Lines from the one containing "Formatted like this" through the final line of the records below are needed, copied exactly, with no pictures.

==========

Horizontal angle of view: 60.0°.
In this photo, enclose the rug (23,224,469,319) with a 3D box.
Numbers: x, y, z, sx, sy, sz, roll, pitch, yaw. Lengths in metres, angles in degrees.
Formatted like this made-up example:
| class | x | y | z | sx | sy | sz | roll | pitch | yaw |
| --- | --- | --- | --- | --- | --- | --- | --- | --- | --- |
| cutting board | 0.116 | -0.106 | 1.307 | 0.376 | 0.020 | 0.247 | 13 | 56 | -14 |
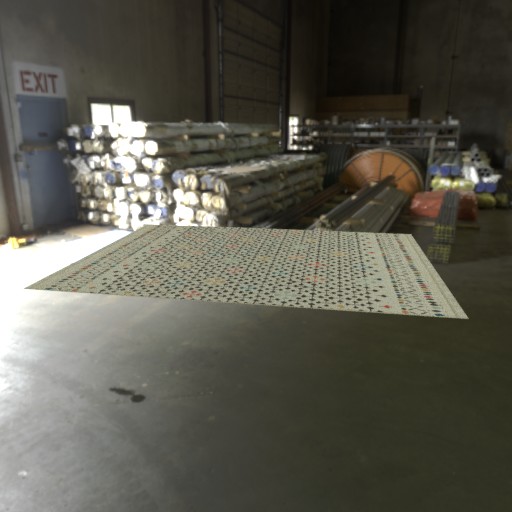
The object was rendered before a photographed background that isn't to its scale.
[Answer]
| class | x | y | z | sx | sy | sz | roll | pitch | yaw |
| --- | --- | --- | --- | --- | --- | --- | --- | --- | --- |
| rug | 0.000 | 0.000 | 4.233 | 3.196 | 0.007 | 2.354 | 3 | 17 | 10 |

==========

**Answer section**
Formatted like this made-up example:
| class | x | y | z | sx | sy | sz | roll | pitch | yaw |
| --- | --- | --- | --- | --- | --- | --- | --- | --- | --- |
| cutting board | 0.116 | -0.106 | 1.307 | 0.376 | 0.020 | 0.247 | 13 | 56 | -14 |
The object was rendered before a photographed background that isn't to its scale.
[Answer]
| class | x | y | z | sx | sy | sz | roll | pitch | yaw |
| --- | --- | --- | --- | --- | --- | --- | --- | --- | --- |
| rug | 0.000 | 0.000 | 4.233 | 3.196 | 0.007 | 2.354 | 3 | 17 | 10 |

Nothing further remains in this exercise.